**Your task:** Where the line with "5. book [142, 144, 146, 155]" appears below, start writing out lines exactly, and finish with the line with "16. book [156, 146, 161, 156]", which is included; write out nothing else.

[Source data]
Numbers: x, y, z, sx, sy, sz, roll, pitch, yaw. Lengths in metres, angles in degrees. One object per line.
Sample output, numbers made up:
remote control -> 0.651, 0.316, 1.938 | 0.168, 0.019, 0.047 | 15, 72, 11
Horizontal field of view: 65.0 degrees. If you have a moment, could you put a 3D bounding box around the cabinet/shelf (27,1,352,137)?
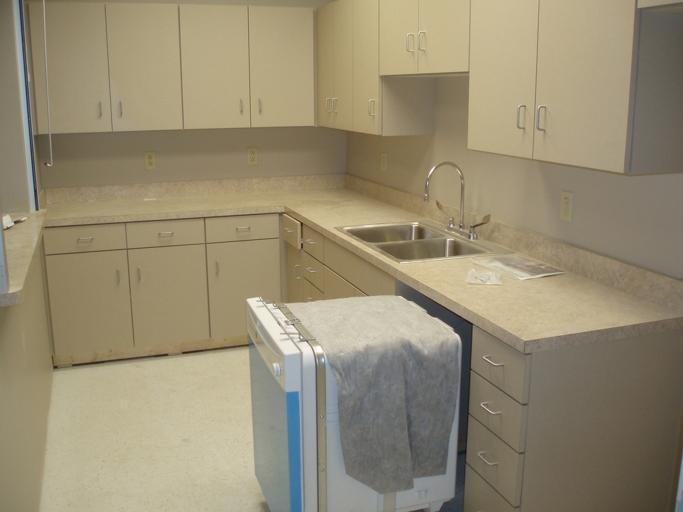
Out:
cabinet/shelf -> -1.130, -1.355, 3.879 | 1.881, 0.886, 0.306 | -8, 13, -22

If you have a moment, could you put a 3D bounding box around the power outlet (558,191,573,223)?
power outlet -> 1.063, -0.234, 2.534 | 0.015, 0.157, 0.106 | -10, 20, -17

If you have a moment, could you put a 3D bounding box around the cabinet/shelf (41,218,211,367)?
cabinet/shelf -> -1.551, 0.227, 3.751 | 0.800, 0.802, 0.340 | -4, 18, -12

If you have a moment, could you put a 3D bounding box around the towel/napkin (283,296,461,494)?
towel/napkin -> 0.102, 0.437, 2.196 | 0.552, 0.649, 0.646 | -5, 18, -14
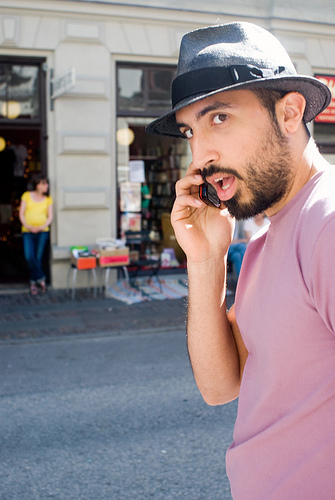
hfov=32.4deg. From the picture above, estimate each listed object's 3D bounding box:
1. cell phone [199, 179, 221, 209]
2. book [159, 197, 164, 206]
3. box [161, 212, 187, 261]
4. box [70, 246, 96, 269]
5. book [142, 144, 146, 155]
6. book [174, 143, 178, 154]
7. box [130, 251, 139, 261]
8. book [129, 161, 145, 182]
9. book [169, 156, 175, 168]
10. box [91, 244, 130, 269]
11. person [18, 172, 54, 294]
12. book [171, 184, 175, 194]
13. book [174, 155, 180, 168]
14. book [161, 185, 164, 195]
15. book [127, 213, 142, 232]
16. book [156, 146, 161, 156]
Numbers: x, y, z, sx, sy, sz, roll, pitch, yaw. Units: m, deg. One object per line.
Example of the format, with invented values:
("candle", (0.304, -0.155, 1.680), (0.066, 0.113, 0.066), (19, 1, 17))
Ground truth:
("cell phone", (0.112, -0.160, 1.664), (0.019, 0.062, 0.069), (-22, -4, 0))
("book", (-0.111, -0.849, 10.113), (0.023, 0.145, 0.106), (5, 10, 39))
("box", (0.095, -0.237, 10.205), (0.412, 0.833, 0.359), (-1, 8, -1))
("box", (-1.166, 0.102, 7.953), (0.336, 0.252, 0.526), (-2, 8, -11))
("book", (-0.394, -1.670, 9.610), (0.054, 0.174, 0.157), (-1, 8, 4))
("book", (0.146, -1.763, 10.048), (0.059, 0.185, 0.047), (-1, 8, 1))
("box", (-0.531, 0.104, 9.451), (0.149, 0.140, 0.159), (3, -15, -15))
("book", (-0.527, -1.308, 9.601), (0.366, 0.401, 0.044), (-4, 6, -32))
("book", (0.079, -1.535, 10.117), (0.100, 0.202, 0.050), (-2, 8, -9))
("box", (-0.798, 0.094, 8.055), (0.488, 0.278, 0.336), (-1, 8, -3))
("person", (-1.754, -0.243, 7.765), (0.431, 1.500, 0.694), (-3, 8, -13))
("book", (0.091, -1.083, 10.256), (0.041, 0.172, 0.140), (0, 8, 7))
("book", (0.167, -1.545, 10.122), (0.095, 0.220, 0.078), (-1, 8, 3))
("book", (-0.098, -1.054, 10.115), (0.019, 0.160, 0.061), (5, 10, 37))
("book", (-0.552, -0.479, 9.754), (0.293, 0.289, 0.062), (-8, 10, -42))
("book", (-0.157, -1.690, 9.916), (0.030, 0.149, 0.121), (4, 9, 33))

* * *

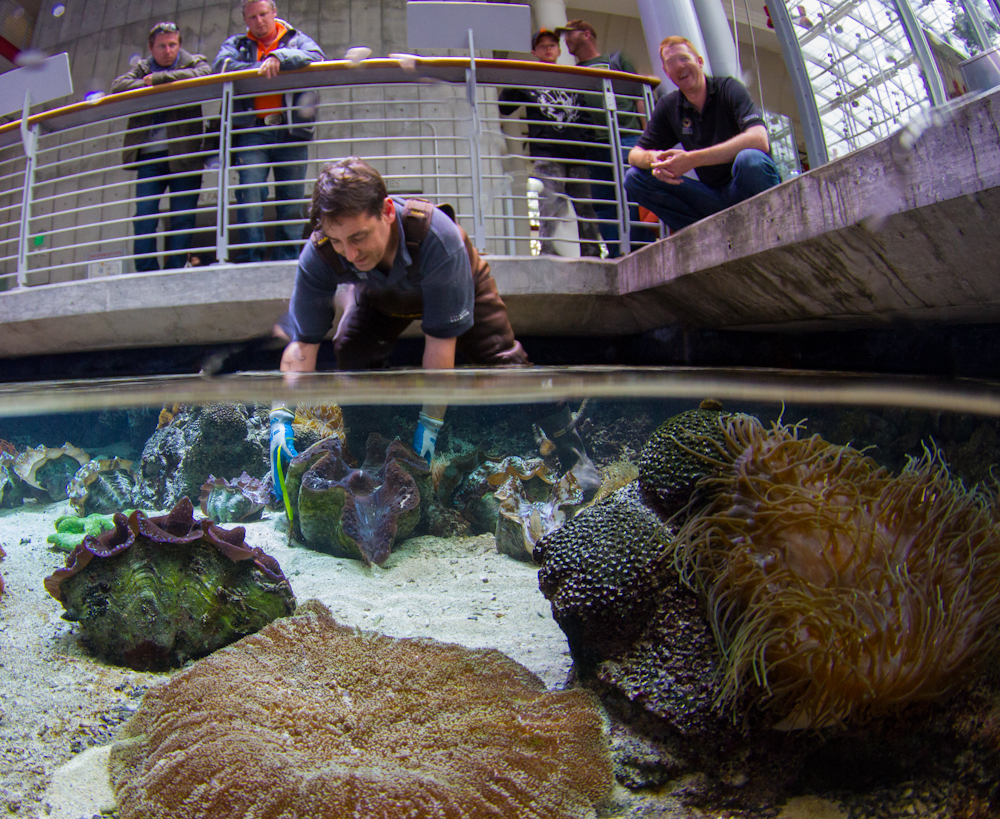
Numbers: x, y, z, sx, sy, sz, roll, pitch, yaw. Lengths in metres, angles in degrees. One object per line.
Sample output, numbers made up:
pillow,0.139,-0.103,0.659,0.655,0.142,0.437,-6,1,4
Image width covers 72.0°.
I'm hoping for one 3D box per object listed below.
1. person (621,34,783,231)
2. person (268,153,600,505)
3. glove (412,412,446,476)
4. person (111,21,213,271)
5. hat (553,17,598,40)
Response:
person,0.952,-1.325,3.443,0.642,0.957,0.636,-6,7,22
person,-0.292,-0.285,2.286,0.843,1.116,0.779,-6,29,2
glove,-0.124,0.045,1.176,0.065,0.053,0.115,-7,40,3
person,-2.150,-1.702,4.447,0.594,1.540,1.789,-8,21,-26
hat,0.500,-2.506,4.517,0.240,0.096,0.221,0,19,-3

--

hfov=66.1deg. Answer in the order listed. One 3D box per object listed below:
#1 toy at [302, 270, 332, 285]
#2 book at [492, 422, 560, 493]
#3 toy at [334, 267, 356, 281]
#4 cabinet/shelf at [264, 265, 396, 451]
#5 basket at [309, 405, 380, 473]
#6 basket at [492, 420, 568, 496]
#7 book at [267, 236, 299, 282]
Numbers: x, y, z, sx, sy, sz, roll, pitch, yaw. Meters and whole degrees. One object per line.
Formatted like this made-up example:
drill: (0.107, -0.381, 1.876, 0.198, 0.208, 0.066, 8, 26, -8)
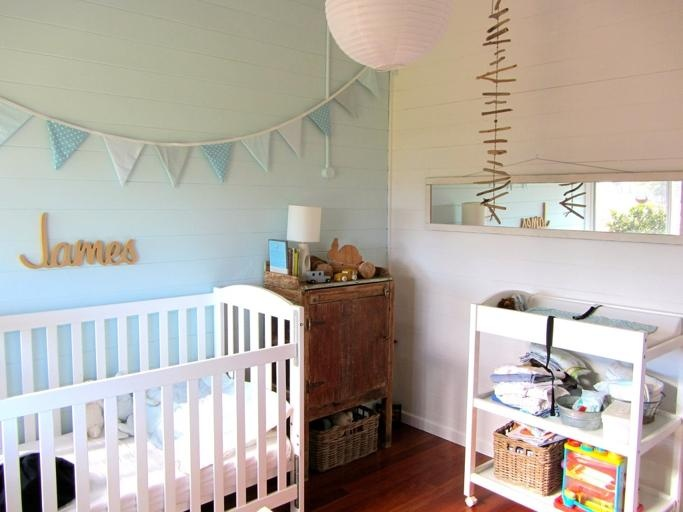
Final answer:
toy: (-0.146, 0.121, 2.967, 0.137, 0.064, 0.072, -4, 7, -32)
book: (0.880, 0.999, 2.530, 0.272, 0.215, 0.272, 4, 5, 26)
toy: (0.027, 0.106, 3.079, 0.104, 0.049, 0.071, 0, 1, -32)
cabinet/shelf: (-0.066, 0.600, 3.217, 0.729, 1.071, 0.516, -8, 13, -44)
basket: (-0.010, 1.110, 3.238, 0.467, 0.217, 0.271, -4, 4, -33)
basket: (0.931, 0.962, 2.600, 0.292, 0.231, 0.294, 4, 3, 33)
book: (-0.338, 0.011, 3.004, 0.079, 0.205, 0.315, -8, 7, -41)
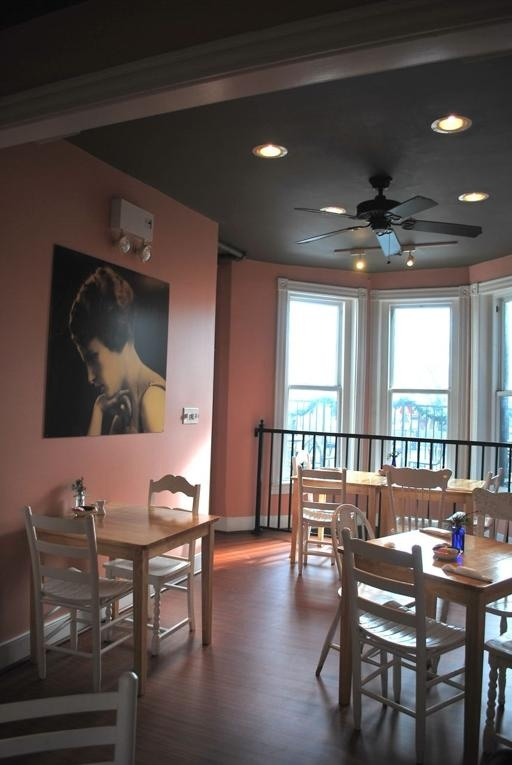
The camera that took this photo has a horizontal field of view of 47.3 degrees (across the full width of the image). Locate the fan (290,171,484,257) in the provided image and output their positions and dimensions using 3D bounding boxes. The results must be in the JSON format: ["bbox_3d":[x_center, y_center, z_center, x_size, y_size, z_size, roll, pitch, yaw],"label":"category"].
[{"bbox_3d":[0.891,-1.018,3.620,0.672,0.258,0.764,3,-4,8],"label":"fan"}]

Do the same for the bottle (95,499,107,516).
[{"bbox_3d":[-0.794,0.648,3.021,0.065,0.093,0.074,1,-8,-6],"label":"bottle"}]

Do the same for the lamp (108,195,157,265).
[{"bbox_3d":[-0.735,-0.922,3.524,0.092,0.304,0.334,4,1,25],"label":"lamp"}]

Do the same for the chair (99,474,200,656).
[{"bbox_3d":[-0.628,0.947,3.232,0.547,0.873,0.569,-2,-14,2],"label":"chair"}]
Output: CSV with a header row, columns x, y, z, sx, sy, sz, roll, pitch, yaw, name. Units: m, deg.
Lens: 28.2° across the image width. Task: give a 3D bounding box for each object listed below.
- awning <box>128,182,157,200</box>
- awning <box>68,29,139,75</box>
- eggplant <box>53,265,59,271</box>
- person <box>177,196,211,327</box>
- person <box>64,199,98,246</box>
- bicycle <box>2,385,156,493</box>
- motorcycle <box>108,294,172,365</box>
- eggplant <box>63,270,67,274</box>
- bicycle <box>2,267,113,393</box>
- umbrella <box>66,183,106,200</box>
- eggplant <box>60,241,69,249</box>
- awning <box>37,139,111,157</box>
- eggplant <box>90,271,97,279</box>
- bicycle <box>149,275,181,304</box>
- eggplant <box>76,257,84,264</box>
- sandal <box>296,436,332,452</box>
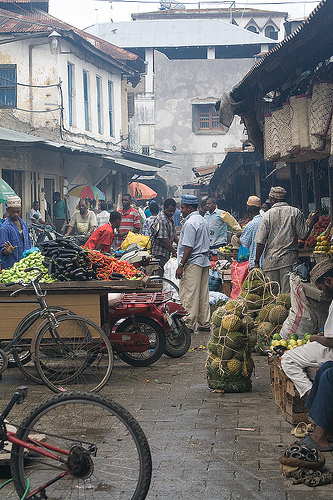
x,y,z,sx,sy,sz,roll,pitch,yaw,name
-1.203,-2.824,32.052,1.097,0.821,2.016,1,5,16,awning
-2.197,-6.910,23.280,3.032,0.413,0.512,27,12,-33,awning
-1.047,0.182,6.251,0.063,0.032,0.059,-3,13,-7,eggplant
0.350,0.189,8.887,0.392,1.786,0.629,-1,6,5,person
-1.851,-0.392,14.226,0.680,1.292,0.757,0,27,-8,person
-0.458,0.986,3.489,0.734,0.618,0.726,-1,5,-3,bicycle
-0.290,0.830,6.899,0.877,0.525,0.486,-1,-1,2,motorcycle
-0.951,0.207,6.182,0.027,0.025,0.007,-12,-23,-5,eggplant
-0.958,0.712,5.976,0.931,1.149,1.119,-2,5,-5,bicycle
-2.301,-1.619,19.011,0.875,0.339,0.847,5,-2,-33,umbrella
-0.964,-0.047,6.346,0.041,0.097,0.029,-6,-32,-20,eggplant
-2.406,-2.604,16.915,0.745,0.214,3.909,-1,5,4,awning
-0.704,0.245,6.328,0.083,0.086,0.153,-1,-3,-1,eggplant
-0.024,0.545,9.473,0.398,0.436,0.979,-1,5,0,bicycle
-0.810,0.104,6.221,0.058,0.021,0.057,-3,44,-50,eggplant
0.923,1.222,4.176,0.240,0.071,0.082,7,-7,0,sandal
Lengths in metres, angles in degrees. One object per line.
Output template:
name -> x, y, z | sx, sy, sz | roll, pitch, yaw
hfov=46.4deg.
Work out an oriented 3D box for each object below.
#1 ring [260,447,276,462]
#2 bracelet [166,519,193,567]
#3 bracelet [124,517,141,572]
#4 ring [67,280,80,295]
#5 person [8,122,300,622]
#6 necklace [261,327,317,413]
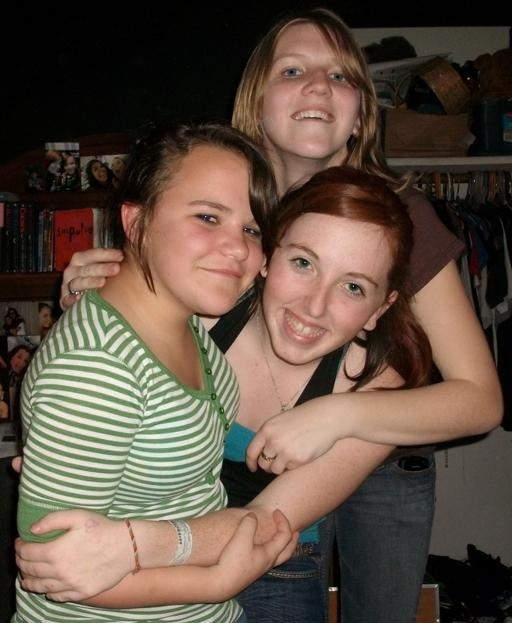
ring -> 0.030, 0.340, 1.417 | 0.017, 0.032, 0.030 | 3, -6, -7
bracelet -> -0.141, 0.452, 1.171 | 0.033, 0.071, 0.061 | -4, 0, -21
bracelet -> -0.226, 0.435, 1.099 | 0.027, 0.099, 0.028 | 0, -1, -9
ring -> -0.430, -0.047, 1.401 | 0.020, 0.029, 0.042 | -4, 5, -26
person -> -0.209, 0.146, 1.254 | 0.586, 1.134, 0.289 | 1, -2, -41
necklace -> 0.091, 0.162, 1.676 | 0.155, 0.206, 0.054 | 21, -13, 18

**Problem solution:**
5. book [142, 144, 146, 155]
6. book [174, 143, 178, 154]
7. box [130, 251, 139, 261]
8. book [129, 161, 145, 182]
9. book [169, 156, 175, 168]
10. box [91, 244, 130, 269]
11. person [18, 172, 54, 294]
12. book [171, 184, 175, 194]
13. book [174, 155, 180, 168]
14. book [161, 185, 164, 195]
15. book [127, 213, 142, 232]
16. book [156, 146, 161, 156]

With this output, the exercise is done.